* [What the task asks]:
Every line of the entries below that includes "represents" belongs in the answer, copied as written.

Records drawn from a dataset
════════════════════
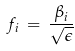Convert formula to latex. <formula><loc_0><loc_0><loc_500><loc_500>f _ { i } \, = \, \frac { \beta _ { i } } { \sqrt { \epsilon } }</formula> 
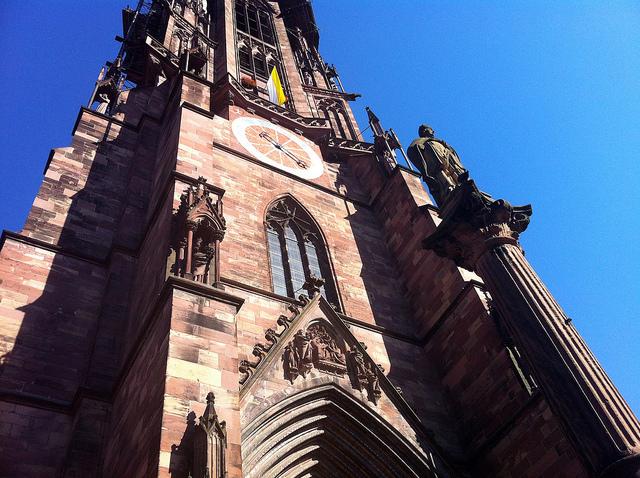Is the sky sunny or overcast?
Give a very brief answer. Sunny. Is there a clock on the building?
Answer briefly. Yes. Is this an old hotel?
Quick response, please. No. Is the sky blue?
Give a very brief answer. Yes. 
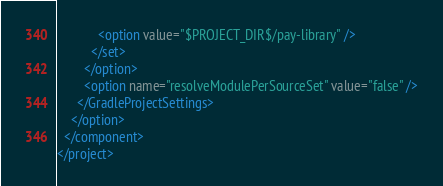Convert code to text. <code><loc_0><loc_0><loc_500><loc_500><_XML_>            <option value="$PROJECT_DIR$/pay-library" />
          </set>
        </option>
        <option name="resolveModulePerSourceSet" value="false" />
      </GradleProjectSettings>
    </option>
  </component>
</project></code> 
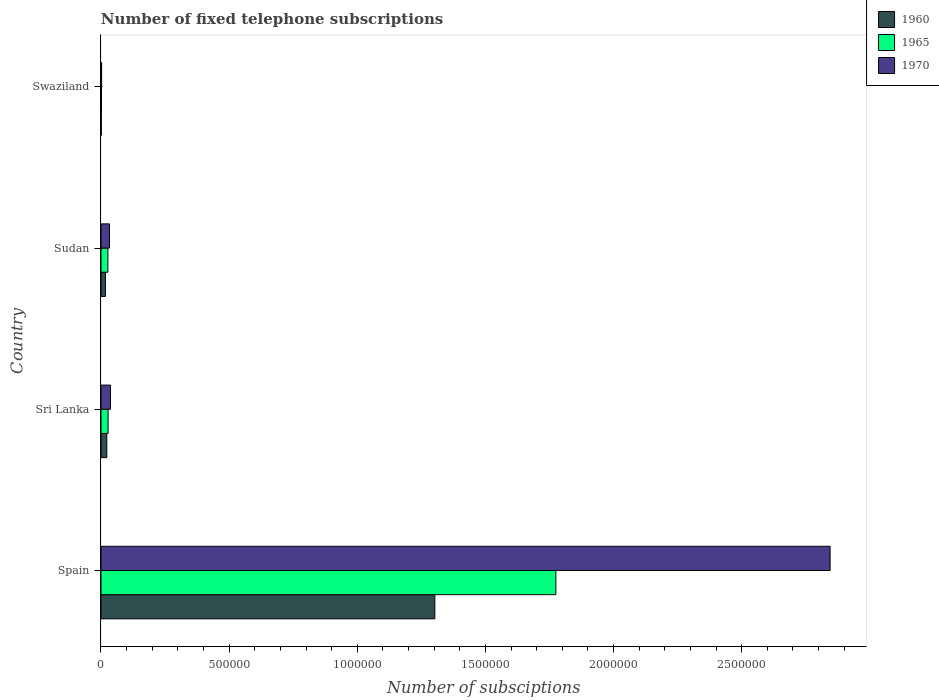How many different coloured bars are there?
Your response must be concise. 3. Are the number of bars per tick equal to the number of legend labels?
Give a very brief answer. Yes. Are the number of bars on each tick of the Y-axis equal?
Give a very brief answer. Yes. How many bars are there on the 3rd tick from the top?
Your answer should be very brief. 3. What is the label of the 3rd group of bars from the top?
Keep it short and to the point. Sri Lanka. In how many cases, is the number of bars for a given country not equal to the number of legend labels?
Your answer should be compact. 0. What is the number of fixed telephone subscriptions in 1970 in Sudan?
Your answer should be very brief. 3.33e+04. Across all countries, what is the maximum number of fixed telephone subscriptions in 1965?
Provide a short and direct response. 1.78e+06. Across all countries, what is the minimum number of fixed telephone subscriptions in 1960?
Offer a very short reply. 1200. In which country was the number of fixed telephone subscriptions in 1965 minimum?
Offer a very short reply. Swaziland. What is the total number of fixed telephone subscriptions in 1970 in the graph?
Your response must be concise. 2.92e+06. What is the difference between the number of fixed telephone subscriptions in 1970 in Sri Lanka and that in Swaziland?
Your answer should be compact. 3.46e+04. What is the difference between the number of fixed telephone subscriptions in 1970 in Sri Lanka and the number of fixed telephone subscriptions in 1960 in Sudan?
Your answer should be very brief. 1.98e+04. What is the average number of fixed telephone subscriptions in 1970 per country?
Provide a short and direct response. 7.29e+05. What is the difference between the number of fixed telephone subscriptions in 1960 and number of fixed telephone subscriptions in 1970 in Sri Lanka?
Ensure brevity in your answer.  -1.43e+04. In how many countries, is the number of fixed telephone subscriptions in 1970 greater than 1500000 ?
Your answer should be very brief. 1. What is the ratio of the number of fixed telephone subscriptions in 1960 in Sri Lanka to that in Swaziland?
Make the answer very short. 18.98. What is the difference between the highest and the second highest number of fixed telephone subscriptions in 1965?
Make the answer very short. 1.75e+06. What is the difference between the highest and the lowest number of fixed telephone subscriptions in 1965?
Your response must be concise. 1.77e+06. What does the 2nd bar from the top in Swaziland represents?
Your answer should be compact. 1965. What does the 1st bar from the bottom in Swaziland represents?
Provide a succinct answer. 1960. Is it the case that in every country, the sum of the number of fixed telephone subscriptions in 1965 and number of fixed telephone subscriptions in 1960 is greater than the number of fixed telephone subscriptions in 1970?
Your response must be concise. Yes. Does the graph contain any zero values?
Give a very brief answer. No. Where does the legend appear in the graph?
Your response must be concise. Top right. What is the title of the graph?
Provide a succinct answer. Number of fixed telephone subscriptions. Does "1964" appear as one of the legend labels in the graph?
Your answer should be compact. No. What is the label or title of the X-axis?
Your response must be concise. Number of subsciptions. What is the Number of subsciptions of 1960 in Spain?
Your response must be concise. 1.30e+06. What is the Number of subsciptions of 1965 in Spain?
Make the answer very short. 1.78e+06. What is the Number of subsciptions in 1970 in Spain?
Make the answer very short. 2.84e+06. What is the Number of subsciptions in 1960 in Sri Lanka?
Your answer should be very brief. 2.28e+04. What is the Number of subsciptions of 1965 in Sri Lanka?
Provide a short and direct response. 2.77e+04. What is the Number of subsciptions of 1970 in Sri Lanka?
Give a very brief answer. 3.71e+04. What is the Number of subsciptions of 1960 in Sudan?
Offer a very short reply. 1.73e+04. What is the Number of subsciptions of 1965 in Sudan?
Offer a terse response. 2.70e+04. What is the Number of subsciptions of 1970 in Sudan?
Provide a succinct answer. 3.33e+04. What is the Number of subsciptions of 1960 in Swaziland?
Offer a terse response. 1200. What is the Number of subsciptions in 1970 in Swaziland?
Give a very brief answer. 2500. Across all countries, what is the maximum Number of subsciptions of 1960?
Make the answer very short. 1.30e+06. Across all countries, what is the maximum Number of subsciptions of 1965?
Your answer should be very brief. 1.78e+06. Across all countries, what is the maximum Number of subsciptions of 1970?
Your answer should be compact. 2.84e+06. Across all countries, what is the minimum Number of subsciptions in 1960?
Offer a very short reply. 1200. Across all countries, what is the minimum Number of subsciptions of 1970?
Your answer should be very brief. 2500. What is the total Number of subsciptions of 1960 in the graph?
Provide a succinct answer. 1.34e+06. What is the total Number of subsciptions in 1965 in the graph?
Your answer should be very brief. 1.83e+06. What is the total Number of subsciptions of 1970 in the graph?
Your answer should be very brief. 2.92e+06. What is the difference between the Number of subsciptions of 1960 in Spain and that in Sri Lanka?
Offer a very short reply. 1.28e+06. What is the difference between the Number of subsciptions of 1965 in Spain and that in Sri Lanka?
Make the answer very short. 1.75e+06. What is the difference between the Number of subsciptions of 1970 in Spain and that in Sri Lanka?
Provide a short and direct response. 2.81e+06. What is the difference between the Number of subsciptions of 1960 in Spain and that in Sudan?
Give a very brief answer. 1.29e+06. What is the difference between the Number of subsciptions of 1965 in Spain and that in Sudan?
Provide a succinct answer. 1.75e+06. What is the difference between the Number of subsciptions of 1970 in Spain and that in Sudan?
Your answer should be very brief. 2.81e+06. What is the difference between the Number of subsciptions in 1960 in Spain and that in Swaziland?
Ensure brevity in your answer.  1.30e+06. What is the difference between the Number of subsciptions in 1965 in Spain and that in Swaziland?
Provide a succinct answer. 1.77e+06. What is the difference between the Number of subsciptions of 1970 in Spain and that in Swaziland?
Your answer should be compact. 2.84e+06. What is the difference between the Number of subsciptions in 1960 in Sri Lanka and that in Sudan?
Make the answer very short. 5433. What is the difference between the Number of subsciptions of 1965 in Sri Lanka and that in Sudan?
Give a very brief answer. 700. What is the difference between the Number of subsciptions of 1970 in Sri Lanka and that in Sudan?
Ensure brevity in your answer.  3800. What is the difference between the Number of subsciptions in 1960 in Sri Lanka and that in Swaziland?
Make the answer very short. 2.16e+04. What is the difference between the Number of subsciptions of 1965 in Sri Lanka and that in Swaziland?
Make the answer very short. 2.57e+04. What is the difference between the Number of subsciptions in 1970 in Sri Lanka and that in Swaziland?
Offer a very short reply. 3.46e+04. What is the difference between the Number of subsciptions in 1960 in Sudan and that in Swaziland?
Provide a short and direct response. 1.61e+04. What is the difference between the Number of subsciptions in 1965 in Sudan and that in Swaziland?
Provide a succinct answer. 2.50e+04. What is the difference between the Number of subsciptions of 1970 in Sudan and that in Swaziland?
Offer a very short reply. 3.08e+04. What is the difference between the Number of subsciptions in 1960 in Spain and the Number of subsciptions in 1965 in Sri Lanka?
Ensure brevity in your answer.  1.28e+06. What is the difference between the Number of subsciptions of 1960 in Spain and the Number of subsciptions of 1970 in Sri Lanka?
Your answer should be compact. 1.27e+06. What is the difference between the Number of subsciptions of 1965 in Spain and the Number of subsciptions of 1970 in Sri Lanka?
Provide a short and direct response. 1.74e+06. What is the difference between the Number of subsciptions of 1960 in Spain and the Number of subsciptions of 1965 in Sudan?
Offer a terse response. 1.28e+06. What is the difference between the Number of subsciptions in 1960 in Spain and the Number of subsciptions in 1970 in Sudan?
Provide a short and direct response. 1.27e+06. What is the difference between the Number of subsciptions in 1965 in Spain and the Number of subsciptions in 1970 in Sudan?
Ensure brevity in your answer.  1.74e+06. What is the difference between the Number of subsciptions in 1960 in Spain and the Number of subsciptions in 1965 in Swaziland?
Keep it short and to the point. 1.30e+06. What is the difference between the Number of subsciptions of 1960 in Spain and the Number of subsciptions of 1970 in Swaziland?
Keep it short and to the point. 1.30e+06. What is the difference between the Number of subsciptions of 1965 in Spain and the Number of subsciptions of 1970 in Swaziland?
Offer a terse response. 1.77e+06. What is the difference between the Number of subsciptions of 1960 in Sri Lanka and the Number of subsciptions of 1965 in Sudan?
Keep it short and to the point. -4228. What is the difference between the Number of subsciptions in 1960 in Sri Lanka and the Number of subsciptions in 1970 in Sudan?
Give a very brief answer. -1.05e+04. What is the difference between the Number of subsciptions in 1965 in Sri Lanka and the Number of subsciptions in 1970 in Sudan?
Make the answer very short. -5600. What is the difference between the Number of subsciptions of 1960 in Sri Lanka and the Number of subsciptions of 1965 in Swaziland?
Give a very brief answer. 2.08e+04. What is the difference between the Number of subsciptions of 1960 in Sri Lanka and the Number of subsciptions of 1970 in Swaziland?
Offer a very short reply. 2.03e+04. What is the difference between the Number of subsciptions of 1965 in Sri Lanka and the Number of subsciptions of 1970 in Swaziland?
Provide a succinct answer. 2.52e+04. What is the difference between the Number of subsciptions of 1960 in Sudan and the Number of subsciptions of 1965 in Swaziland?
Make the answer very short. 1.53e+04. What is the difference between the Number of subsciptions of 1960 in Sudan and the Number of subsciptions of 1970 in Swaziland?
Your answer should be very brief. 1.48e+04. What is the difference between the Number of subsciptions of 1965 in Sudan and the Number of subsciptions of 1970 in Swaziland?
Keep it short and to the point. 2.45e+04. What is the average Number of subsciptions of 1960 per country?
Make the answer very short. 3.36e+05. What is the average Number of subsciptions of 1965 per country?
Give a very brief answer. 4.58e+05. What is the average Number of subsciptions of 1970 per country?
Your response must be concise. 7.29e+05. What is the difference between the Number of subsciptions of 1960 and Number of subsciptions of 1965 in Spain?
Offer a very short reply. -4.72e+05. What is the difference between the Number of subsciptions in 1960 and Number of subsciptions in 1970 in Spain?
Ensure brevity in your answer.  -1.54e+06. What is the difference between the Number of subsciptions of 1965 and Number of subsciptions of 1970 in Spain?
Make the answer very short. -1.07e+06. What is the difference between the Number of subsciptions of 1960 and Number of subsciptions of 1965 in Sri Lanka?
Provide a short and direct response. -4928. What is the difference between the Number of subsciptions in 1960 and Number of subsciptions in 1970 in Sri Lanka?
Offer a terse response. -1.43e+04. What is the difference between the Number of subsciptions in 1965 and Number of subsciptions in 1970 in Sri Lanka?
Your answer should be compact. -9400. What is the difference between the Number of subsciptions of 1960 and Number of subsciptions of 1965 in Sudan?
Give a very brief answer. -9661. What is the difference between the Number of subsciptions in 1960 and Number of subsciptions in 1970 in Sudan?
Provide a short and direct response. -1.60e+04. What is the difference between the Number of subsciptions of 1965 and Number of subsciptions of 1970 in Sudan?
Provide a short and direct response. -6300. What is the difference between the Number of subsciptions of 1960 and Number of subsciptions of 1965 in Swaziland?
Make the answer very short. -800. What is the difference between the Number of subsciptions in 1960 and Number of subsciptions in 1970 in Swaziland?
Your answer should be very brief. -1300. What is the difference between the Number of subsciptions of 1965 and Number of subsciptions of 1970 in Swaziland?
Your answer should be very brief. -500. What is the ratio of the Number of subsciptions of 1960 in Spain to that in Sri Lanka?
Offer a very short reply. 57.21. What is the ratio of the Number of subsciptions of 1965 in Spain to that in Sri Lanka?
Make the answer very short. 64.08. What is the ratio of the Number of subsciptions of 1970 in Spain to that in Sri Lanka?
Provide a short and direct response. 76.68. What is the ratio of the Number of subsciptions of 1960 in Spain to that in Sudan?
Give a very brief answer. 75.13. What is the ratio of the Number of subsciptions in 1965 in Spain to that in Sudan?
Ensure brevity in your answer.  65.74. What is the ratio of the Number of subsciptions in 1970 in Spain to that in Sudan?
Offer a very short reply. 85.44. What is the ratio of the Number of subsciptions of 1960 in Spain to that in Swaziland?
Provide a short and direct response. 1085.62. What is the ratio of the Number of subsciptions in 1965 in Spain to that in Swaziland?
Offer a terse response. 887.5. What is the ratio of the Number of subsciptions in 1970 in Spain to that in Swaziland?
Offer a terse response. 1138. What is the ratio of the Number of subsciptions in 1960 in Sri Lanka to that in Sudan?
Provide a short and direct response. 1.31. What is the ratio of the Number of subsciptions of 1965 in Sri Lanka to that in Sudan?
Provide a short and direct response. 1.03. What is the ratio of the Number of subsciptions in 1970 in Sri Lanka to that in Sudan?
Give a very brief answer. 1.11. What is the ratio of the Number of subsciptions of 1960 in Sri Lanka to that in Swaziland?
Provide a short and direct response. 18.98. What is the ratio of the Number of subsciptions in 1965 in Sri Lanka to that in Swaziland?
Your response must be concise. 13.85. What is the ratio of the Number of subsciptions of 1970 in Sri Lanka to that in Swaziland?
Your answer should be very brief. 14.84. What is the ratio of the Number of subsciptions in 1960 in Sudan to that in Swaziland?
Provide a short and direct response. 14.45. What is the ratio of the Number of subsciptions in 1970 in Sudan to that in Swaziland?
Offer a very short reply. 13.32. What is the difference between the highest and the second highest Number of subsciptions of 1960?
Keep it short and to the point. 1.28e+06. What is the difference between the highest and the second highest Number of subsciptions in 1965?
Make the answer very short. 1.75e+06. What is the difference between the highest and the second highest Number of subsciptions of 1970?
Provide a short and direct response. 2.81e+06. What is the difference between the highest and the lowest Number of subsciptions of 1960?
Your answer should be compact. 1.30e+06. What is the difference between the highest and the lowest Number of subsciptions in 1965?
Keep it short and to the point. 1.77e+06. What is the difference between the highest and the lowest Number of subsciptions of 1970?
Offer a terse response. 2.84e+06.
════════════════════
* [Result of this exercise]:
Your response must be concise. 1.77e+06. What does the 2nd bar from the top in Swaziland represents?
Your answer should be compact. 1965. What does the 1st bar from the bottom in Swaziland represents?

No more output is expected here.